Records shown:
------
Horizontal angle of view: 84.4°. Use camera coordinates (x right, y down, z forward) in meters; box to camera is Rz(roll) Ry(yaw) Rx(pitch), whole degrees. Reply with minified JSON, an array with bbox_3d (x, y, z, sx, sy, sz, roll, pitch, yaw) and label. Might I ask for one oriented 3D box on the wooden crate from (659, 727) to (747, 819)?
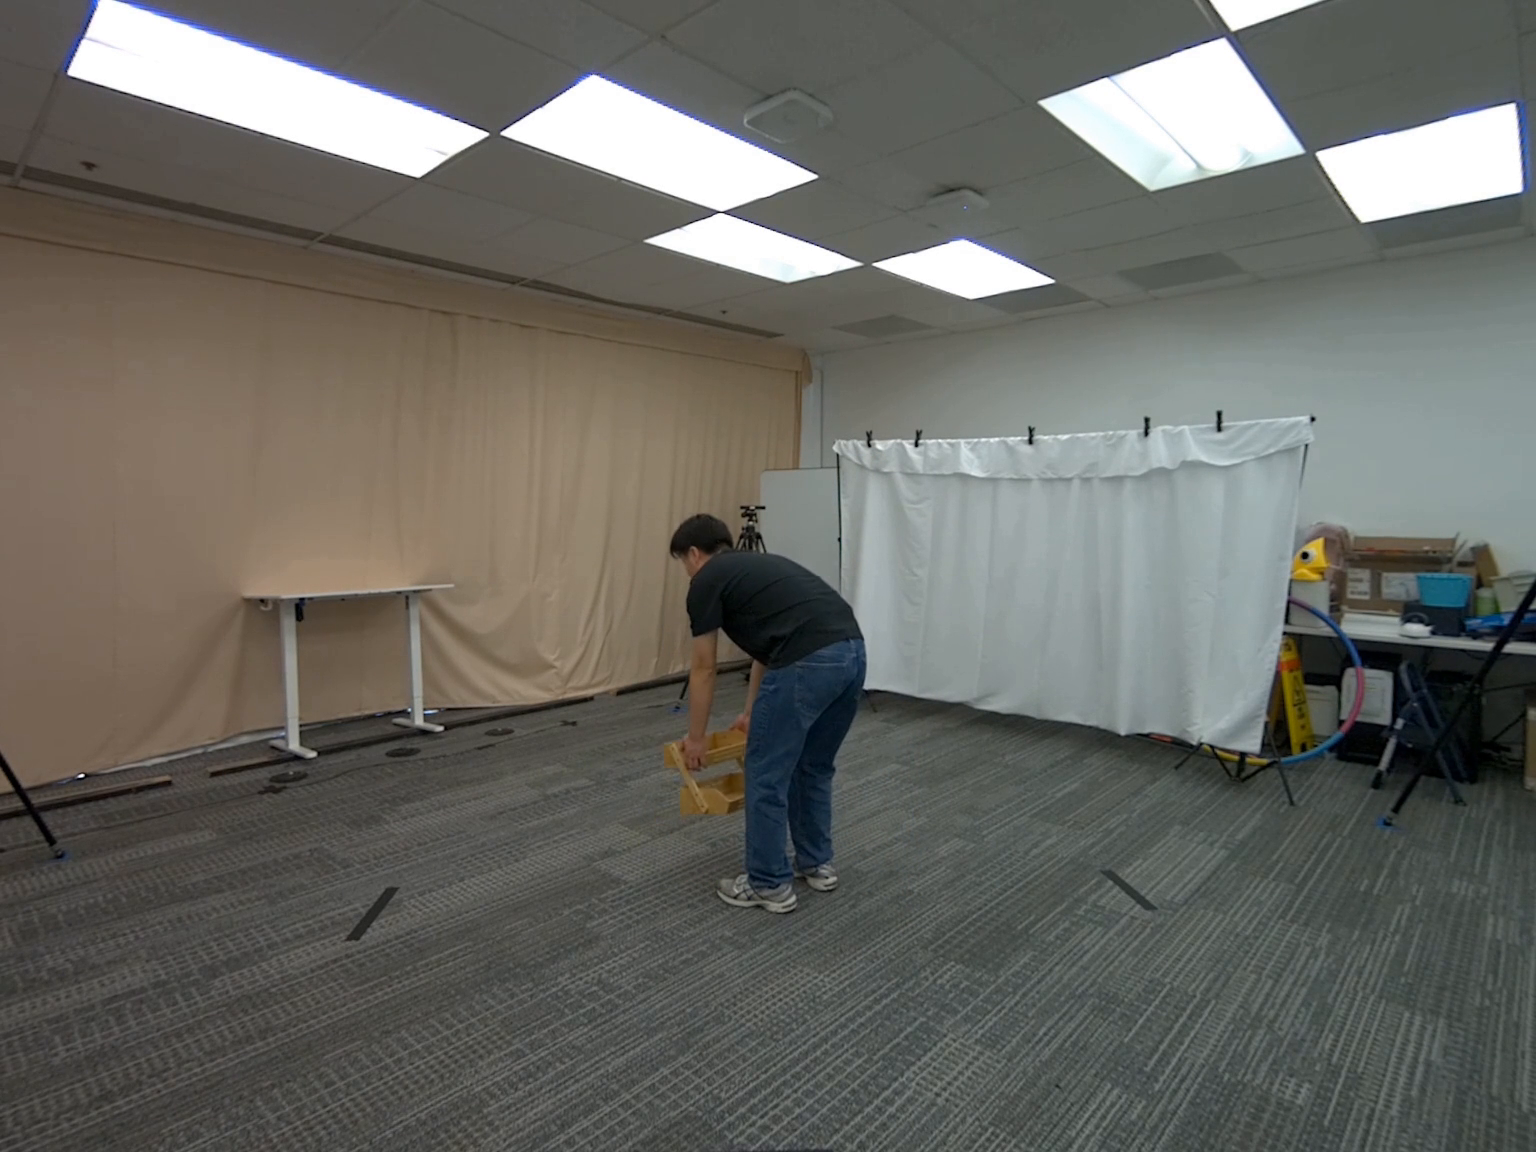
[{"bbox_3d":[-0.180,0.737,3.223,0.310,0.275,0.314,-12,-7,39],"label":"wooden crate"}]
------
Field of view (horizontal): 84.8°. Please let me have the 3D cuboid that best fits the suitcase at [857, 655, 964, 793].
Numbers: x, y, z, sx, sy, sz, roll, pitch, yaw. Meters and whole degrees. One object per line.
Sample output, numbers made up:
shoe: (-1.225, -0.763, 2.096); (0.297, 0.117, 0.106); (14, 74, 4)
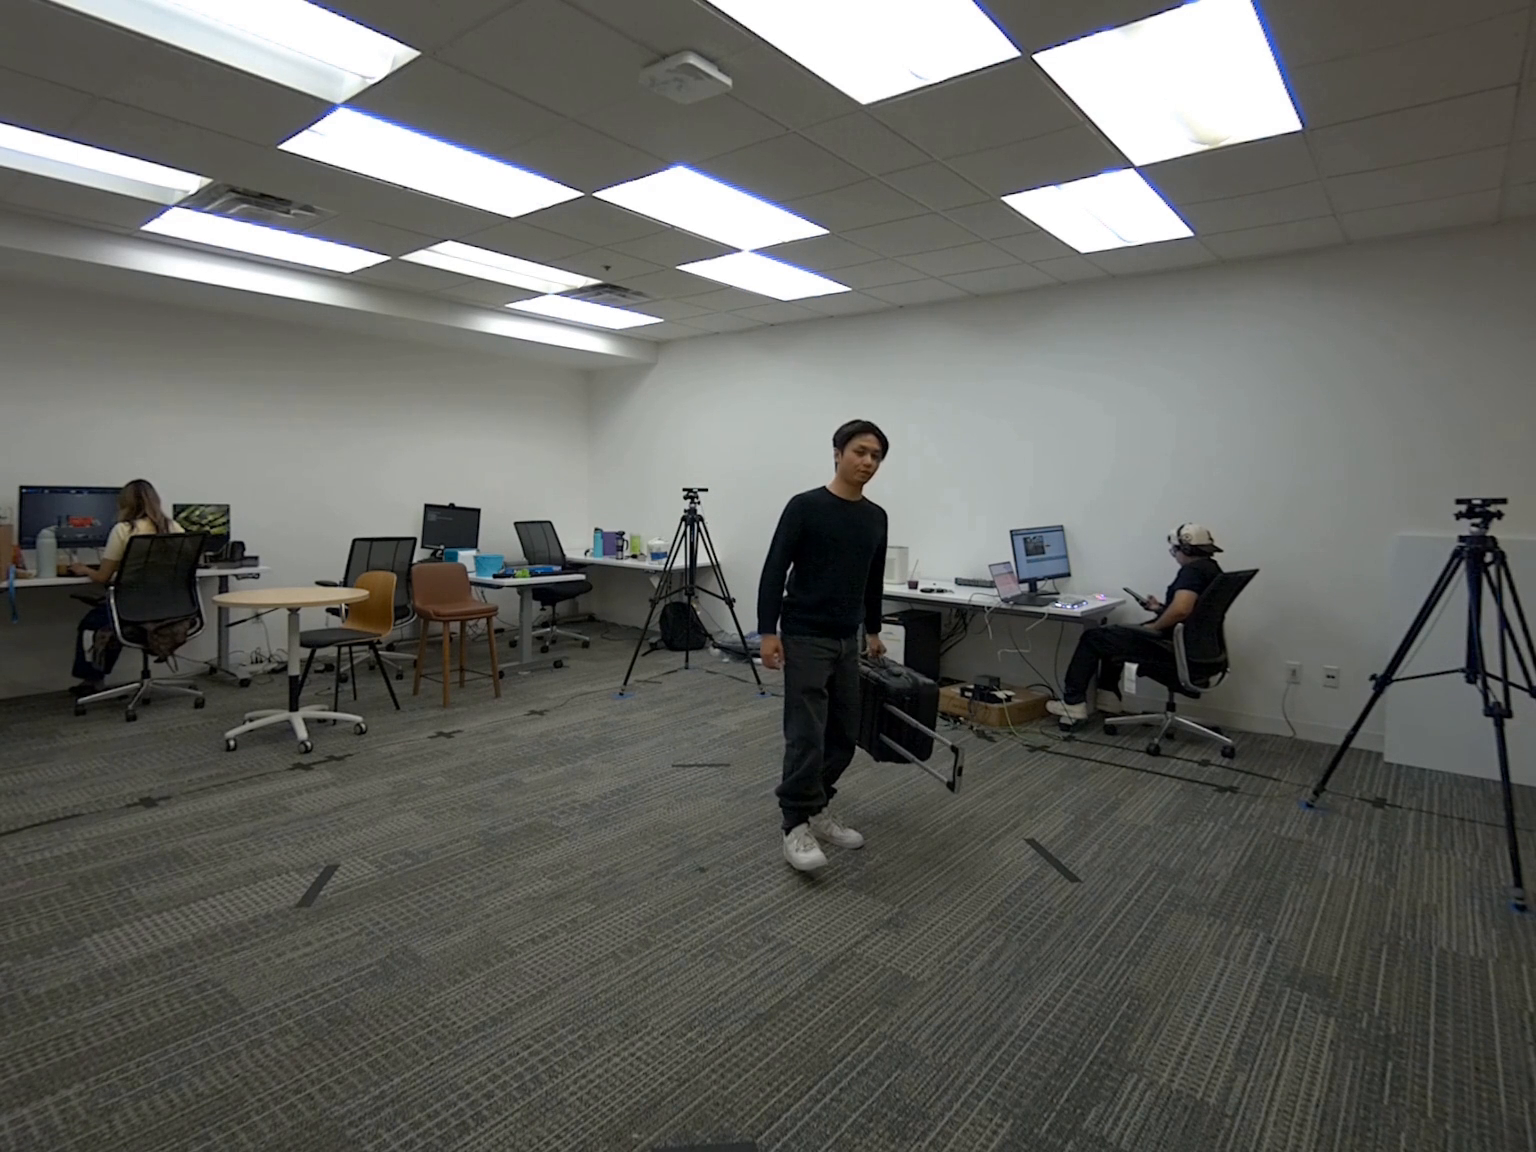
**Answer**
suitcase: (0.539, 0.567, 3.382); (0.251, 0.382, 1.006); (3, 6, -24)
------
Work request:
Reproduce exactly the lines above from the line with "Field of view" to the line with "Sample output, numbers", including both, and add nothing.

Exercise answer:
Field of view (horizontal): 84.8°. Please let me have the 3D cuboid that best fits the suitcase at [857, 655, 964, 793].
Numbers: x, y, z, sx, sy, sz, roll, pitch, yaw. Meters and whole degrees. One object per line.
Sample output, numbers made up:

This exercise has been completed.